= RECORDS FOR PROCESSING =
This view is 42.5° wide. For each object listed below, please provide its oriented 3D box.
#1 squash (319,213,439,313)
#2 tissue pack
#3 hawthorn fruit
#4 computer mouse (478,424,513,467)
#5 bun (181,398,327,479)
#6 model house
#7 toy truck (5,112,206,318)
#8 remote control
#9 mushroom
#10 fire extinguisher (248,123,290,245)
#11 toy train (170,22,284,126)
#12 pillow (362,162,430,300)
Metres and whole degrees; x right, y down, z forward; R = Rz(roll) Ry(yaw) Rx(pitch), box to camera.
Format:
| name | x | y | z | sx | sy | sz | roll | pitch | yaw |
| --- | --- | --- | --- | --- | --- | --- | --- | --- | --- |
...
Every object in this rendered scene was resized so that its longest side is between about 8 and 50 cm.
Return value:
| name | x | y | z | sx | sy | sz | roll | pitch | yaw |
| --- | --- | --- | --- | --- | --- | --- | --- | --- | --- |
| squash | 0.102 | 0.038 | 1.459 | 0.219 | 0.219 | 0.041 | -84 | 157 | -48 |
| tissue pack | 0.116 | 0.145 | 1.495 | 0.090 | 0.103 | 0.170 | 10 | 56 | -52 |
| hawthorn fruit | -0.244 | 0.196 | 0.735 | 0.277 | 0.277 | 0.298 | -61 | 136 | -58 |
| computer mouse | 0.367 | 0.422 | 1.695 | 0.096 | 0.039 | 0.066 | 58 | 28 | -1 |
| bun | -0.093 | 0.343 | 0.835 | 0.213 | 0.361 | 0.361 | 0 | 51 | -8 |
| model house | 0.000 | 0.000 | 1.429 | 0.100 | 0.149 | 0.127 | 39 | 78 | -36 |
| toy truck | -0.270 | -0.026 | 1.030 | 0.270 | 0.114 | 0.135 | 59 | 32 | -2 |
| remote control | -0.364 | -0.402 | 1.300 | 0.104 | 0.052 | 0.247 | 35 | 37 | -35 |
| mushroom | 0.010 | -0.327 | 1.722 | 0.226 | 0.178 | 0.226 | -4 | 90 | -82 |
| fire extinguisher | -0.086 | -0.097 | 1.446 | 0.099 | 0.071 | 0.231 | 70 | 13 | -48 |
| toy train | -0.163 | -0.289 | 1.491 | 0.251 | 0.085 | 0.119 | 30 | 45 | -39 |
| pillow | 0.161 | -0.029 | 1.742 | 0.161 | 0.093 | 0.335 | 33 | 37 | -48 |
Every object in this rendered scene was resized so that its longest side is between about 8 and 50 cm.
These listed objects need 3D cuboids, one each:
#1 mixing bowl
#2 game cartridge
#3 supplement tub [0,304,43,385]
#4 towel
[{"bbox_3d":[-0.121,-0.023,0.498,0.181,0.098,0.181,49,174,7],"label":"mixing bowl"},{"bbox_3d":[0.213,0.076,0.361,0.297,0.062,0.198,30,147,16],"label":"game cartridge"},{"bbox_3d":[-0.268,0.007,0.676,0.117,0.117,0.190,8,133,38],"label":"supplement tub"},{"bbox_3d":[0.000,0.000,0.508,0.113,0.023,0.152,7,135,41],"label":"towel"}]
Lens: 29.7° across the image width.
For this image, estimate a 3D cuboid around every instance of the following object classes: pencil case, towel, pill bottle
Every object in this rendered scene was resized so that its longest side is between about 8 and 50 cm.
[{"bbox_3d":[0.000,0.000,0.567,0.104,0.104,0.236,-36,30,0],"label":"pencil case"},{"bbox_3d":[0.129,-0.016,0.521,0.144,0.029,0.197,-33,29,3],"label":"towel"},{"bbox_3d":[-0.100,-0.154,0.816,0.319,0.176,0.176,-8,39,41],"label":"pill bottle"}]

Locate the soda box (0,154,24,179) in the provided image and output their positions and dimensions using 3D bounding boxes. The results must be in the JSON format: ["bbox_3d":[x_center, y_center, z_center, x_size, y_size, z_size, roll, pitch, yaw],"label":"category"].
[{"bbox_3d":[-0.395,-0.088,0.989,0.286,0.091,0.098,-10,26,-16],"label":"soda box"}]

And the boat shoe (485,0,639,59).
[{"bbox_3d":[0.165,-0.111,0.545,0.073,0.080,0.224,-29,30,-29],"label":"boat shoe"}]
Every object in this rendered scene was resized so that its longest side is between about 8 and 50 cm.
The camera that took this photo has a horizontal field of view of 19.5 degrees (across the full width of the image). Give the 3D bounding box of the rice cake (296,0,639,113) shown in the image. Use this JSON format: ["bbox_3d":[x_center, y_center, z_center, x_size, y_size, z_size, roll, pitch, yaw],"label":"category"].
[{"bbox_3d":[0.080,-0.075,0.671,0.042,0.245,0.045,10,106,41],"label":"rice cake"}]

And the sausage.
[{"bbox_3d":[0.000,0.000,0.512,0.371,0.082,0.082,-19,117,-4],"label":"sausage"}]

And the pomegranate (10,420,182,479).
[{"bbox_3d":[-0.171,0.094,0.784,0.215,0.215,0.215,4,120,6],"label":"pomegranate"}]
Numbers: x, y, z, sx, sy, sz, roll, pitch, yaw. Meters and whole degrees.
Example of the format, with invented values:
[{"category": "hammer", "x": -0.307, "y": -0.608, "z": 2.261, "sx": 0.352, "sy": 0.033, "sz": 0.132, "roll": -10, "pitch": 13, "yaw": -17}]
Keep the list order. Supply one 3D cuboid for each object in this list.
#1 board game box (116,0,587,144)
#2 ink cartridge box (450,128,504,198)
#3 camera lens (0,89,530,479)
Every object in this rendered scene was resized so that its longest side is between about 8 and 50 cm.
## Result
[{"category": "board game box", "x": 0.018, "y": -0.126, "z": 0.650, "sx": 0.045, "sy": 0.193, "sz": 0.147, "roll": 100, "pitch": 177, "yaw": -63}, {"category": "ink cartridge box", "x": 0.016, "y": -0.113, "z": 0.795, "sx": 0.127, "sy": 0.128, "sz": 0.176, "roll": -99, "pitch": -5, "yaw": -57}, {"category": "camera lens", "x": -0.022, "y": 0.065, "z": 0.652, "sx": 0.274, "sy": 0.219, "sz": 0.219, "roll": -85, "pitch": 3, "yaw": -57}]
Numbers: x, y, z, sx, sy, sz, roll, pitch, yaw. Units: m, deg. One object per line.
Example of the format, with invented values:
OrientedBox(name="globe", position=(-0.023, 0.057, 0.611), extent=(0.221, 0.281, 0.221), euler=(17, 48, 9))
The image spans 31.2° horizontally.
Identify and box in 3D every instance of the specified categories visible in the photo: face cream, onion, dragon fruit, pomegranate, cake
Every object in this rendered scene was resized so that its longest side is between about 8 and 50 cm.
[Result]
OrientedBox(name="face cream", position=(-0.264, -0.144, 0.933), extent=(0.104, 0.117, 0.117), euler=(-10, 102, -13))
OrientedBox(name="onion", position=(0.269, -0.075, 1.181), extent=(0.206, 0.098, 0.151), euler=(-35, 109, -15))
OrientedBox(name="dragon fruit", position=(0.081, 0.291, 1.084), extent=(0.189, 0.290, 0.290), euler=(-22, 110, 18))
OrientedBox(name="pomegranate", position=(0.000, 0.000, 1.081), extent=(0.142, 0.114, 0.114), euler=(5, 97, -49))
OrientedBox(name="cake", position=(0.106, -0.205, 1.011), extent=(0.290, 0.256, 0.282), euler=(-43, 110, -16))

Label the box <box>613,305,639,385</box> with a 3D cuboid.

= ASSIGNMENT =
Find the lines above that hold "instance", then copy each of them.

= RESPONSE AREA =
For this image, estimate a 3D cuboid around every instance of the following object classes: pencil case, towel, pill bottle
Identify and box in 3D every instance of the specified categories visible in the photo: face cream, onion, dragon fruit, pomegranate, cake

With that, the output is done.